Context Is Key When Nonpatients Ask for Medical Advice

Pam Harrison

January 09, 2018

Guidelines that discourage physicians from providing medical advice or treatment to family members and friends (nonpatients) may not be feasible, as these requests raise complex issues and physicians need to be properly trained to negotiate them in a safe manner, a study suggests.

"All physicians in our study had experiences with requests for medical care from nonpatients," Esther Giroldi, PhD, from the Care and Public Health Research Institute, Maastricht University, the Netherlands, and colleagues write. "Our findings provide a framework for understanding how physicians engage with these requests," they add.

The report was published online January 8 in the Annals of Family Medicine.

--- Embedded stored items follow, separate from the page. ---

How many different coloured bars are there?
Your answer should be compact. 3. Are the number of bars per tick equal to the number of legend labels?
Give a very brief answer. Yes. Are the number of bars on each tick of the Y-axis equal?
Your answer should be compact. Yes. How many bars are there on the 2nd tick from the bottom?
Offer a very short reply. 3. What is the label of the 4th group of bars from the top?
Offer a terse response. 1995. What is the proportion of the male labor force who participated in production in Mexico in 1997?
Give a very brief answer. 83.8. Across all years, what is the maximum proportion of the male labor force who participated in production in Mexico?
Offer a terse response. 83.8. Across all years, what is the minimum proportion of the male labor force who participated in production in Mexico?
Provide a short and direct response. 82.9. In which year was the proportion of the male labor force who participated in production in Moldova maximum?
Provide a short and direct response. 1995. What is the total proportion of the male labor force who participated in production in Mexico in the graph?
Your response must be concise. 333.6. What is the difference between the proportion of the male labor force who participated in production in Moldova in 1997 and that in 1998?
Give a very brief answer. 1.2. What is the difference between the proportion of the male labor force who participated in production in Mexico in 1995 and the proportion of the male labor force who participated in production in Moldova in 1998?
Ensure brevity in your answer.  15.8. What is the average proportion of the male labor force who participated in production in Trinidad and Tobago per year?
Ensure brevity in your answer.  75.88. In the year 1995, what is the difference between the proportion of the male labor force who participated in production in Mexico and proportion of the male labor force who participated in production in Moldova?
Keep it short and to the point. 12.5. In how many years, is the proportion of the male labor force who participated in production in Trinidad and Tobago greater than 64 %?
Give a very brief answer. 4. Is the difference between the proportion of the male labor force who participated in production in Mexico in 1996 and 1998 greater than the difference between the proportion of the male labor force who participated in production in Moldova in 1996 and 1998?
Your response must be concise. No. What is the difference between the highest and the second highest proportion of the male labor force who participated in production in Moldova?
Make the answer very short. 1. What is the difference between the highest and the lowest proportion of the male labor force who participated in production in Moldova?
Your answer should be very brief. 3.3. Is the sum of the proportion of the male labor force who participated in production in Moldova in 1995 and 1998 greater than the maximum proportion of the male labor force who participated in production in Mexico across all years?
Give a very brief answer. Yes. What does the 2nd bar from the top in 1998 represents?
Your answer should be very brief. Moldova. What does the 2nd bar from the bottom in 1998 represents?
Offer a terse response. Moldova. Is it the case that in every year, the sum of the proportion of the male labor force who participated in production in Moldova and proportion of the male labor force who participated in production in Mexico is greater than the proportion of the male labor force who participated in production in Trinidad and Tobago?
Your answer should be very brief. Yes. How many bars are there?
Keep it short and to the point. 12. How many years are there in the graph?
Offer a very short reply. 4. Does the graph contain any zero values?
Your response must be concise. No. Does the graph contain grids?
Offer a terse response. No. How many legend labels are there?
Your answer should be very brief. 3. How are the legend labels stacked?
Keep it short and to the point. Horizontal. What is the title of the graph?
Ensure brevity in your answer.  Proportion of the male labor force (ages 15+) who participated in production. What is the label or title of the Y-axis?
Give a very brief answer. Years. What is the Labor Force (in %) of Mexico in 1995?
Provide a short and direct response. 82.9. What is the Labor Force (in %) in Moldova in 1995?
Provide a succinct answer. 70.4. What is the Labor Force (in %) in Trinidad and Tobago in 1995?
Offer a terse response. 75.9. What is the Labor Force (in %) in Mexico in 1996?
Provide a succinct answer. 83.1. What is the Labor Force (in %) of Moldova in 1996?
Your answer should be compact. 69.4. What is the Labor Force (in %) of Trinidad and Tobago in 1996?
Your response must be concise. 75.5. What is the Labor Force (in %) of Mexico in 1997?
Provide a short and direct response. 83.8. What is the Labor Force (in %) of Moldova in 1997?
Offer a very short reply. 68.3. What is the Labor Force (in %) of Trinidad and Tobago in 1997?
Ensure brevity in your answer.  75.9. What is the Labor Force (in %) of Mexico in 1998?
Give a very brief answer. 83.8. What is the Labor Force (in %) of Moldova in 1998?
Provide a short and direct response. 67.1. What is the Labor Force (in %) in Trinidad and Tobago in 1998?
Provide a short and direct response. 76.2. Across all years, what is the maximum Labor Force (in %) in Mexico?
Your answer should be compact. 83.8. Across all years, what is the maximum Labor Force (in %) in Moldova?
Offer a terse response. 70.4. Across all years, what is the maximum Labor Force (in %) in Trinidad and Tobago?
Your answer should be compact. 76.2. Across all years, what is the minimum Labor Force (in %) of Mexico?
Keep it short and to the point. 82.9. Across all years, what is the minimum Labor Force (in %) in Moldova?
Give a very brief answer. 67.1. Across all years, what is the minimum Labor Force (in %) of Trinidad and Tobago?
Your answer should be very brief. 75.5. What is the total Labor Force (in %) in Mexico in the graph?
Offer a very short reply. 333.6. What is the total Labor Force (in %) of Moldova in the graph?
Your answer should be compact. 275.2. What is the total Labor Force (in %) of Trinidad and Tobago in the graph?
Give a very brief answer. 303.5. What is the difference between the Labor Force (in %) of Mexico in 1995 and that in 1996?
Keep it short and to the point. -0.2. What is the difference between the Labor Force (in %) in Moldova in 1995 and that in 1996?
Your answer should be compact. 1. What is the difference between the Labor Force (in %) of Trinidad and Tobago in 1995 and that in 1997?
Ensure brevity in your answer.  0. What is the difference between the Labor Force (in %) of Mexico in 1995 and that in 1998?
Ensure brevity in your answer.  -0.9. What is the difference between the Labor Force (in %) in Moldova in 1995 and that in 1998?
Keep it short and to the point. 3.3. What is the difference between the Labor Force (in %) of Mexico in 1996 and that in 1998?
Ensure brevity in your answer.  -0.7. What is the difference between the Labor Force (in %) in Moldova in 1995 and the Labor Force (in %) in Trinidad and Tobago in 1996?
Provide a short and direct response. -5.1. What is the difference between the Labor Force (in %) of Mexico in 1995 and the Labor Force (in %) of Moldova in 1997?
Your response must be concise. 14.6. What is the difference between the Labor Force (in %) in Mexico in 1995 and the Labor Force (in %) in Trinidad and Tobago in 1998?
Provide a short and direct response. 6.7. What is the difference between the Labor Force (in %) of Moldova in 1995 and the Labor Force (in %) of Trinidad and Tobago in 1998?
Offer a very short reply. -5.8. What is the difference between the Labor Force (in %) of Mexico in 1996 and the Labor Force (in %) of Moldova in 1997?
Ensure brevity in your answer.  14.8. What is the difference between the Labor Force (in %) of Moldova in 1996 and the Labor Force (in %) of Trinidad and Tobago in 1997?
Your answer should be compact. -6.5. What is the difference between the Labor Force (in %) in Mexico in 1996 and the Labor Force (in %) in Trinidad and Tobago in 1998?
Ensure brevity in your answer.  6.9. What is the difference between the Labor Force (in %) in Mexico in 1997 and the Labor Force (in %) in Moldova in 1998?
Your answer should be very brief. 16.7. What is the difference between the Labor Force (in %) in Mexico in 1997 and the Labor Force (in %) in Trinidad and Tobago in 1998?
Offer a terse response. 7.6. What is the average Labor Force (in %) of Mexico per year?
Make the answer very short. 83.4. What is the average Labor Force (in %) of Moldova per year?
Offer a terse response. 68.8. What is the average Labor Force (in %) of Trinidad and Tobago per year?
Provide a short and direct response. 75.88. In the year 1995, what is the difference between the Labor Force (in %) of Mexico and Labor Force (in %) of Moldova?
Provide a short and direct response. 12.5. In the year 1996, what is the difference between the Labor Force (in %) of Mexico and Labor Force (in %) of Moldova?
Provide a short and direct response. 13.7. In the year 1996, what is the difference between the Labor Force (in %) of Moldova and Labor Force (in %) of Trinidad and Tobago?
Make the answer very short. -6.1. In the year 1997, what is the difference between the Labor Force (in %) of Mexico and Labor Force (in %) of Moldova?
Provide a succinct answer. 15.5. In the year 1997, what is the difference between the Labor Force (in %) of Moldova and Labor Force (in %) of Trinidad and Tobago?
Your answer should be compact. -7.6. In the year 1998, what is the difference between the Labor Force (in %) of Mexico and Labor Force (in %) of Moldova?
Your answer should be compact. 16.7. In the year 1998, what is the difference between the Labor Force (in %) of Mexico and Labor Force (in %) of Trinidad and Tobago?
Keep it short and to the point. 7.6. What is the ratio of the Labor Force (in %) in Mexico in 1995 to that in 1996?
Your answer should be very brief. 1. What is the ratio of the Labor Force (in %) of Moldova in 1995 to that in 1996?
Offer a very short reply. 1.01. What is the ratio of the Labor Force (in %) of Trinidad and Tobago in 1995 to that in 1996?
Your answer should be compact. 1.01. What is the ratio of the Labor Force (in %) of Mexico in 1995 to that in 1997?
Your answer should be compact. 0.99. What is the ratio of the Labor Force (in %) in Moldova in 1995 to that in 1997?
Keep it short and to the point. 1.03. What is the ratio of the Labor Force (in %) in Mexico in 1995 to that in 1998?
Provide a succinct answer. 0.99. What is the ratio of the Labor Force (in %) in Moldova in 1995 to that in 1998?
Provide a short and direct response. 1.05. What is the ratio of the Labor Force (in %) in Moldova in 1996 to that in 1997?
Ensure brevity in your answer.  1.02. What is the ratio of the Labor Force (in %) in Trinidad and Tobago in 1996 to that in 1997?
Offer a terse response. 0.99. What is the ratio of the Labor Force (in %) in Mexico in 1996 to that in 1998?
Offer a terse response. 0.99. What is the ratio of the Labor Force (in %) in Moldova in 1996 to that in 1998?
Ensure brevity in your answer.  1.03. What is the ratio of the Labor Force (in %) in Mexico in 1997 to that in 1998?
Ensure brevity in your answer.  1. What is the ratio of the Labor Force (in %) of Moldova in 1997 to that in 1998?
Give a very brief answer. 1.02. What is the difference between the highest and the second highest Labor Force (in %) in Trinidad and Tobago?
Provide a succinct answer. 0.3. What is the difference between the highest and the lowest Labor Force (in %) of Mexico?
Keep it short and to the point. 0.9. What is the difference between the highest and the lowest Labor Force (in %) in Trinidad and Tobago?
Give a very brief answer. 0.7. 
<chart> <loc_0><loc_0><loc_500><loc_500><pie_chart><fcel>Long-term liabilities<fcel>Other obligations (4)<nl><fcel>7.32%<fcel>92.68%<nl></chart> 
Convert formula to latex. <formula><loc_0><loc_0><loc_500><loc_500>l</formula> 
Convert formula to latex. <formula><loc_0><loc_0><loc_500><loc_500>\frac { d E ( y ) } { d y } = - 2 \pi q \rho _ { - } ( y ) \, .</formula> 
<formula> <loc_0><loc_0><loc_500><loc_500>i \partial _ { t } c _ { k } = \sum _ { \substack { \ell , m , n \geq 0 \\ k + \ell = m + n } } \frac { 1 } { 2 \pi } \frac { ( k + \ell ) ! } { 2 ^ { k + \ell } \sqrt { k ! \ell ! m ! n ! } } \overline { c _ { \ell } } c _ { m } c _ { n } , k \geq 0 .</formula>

The researchers detailed the experiences and thinking behind how physicians respond to medical requests from nonpatients by using focus groups led by an experienced behavioral scientist. "We completed 5 focus groups with junior physicians and 2 focus groups with senior physicians," they note. In total, the groups included 33 junior physicians (residents in the first year of the family medicine specialty training program at Maastricht University) and 16 senior physicians.

"A range of factors emerged as important considerations for physicians when they receive a medical request from a nonpatient and determine how they respond," the investigators report. First and foremost, physicians orient themselves to the specific situation. "Some settings were considered more practical and confidential for diagnostic purposes than others," they write.

For example, "If it's at a party, then the answer's 'no,' " one participant noted, for in that situation, he or she is not a physician but simply another guest. A party or a family gathering is also not considered private enough to give any medical advice. "[T]he nature of the request itself ('what') seemed to be the most important [question] for physicians, because it determined the urgency of the situation," the authors state.

Situations considered to be an emergency rendered all other factors "irrelevant," given that physicians felt it was their duty to respond to the request immediately. In situations that physicians felt to be less urgent, they would take into consideration the nature of the medical request itself and respond accordingly.

In addition, the closeness of the physician's relationship was a key consideration in deciding whether to respond to a nonpatient's medical request or not: the closer they felt to the person, the more likely they would be to respond. Feelings of personal responsibility engendered by the closeness of the relationship might also prompt physicians to give the person advice or even treat them without being asked to do so, "for example, if they recognized a medical condition that the nonpatient was unaware of, or saw that a nonpatient's existing medical condition was deteriorating," the authors explain.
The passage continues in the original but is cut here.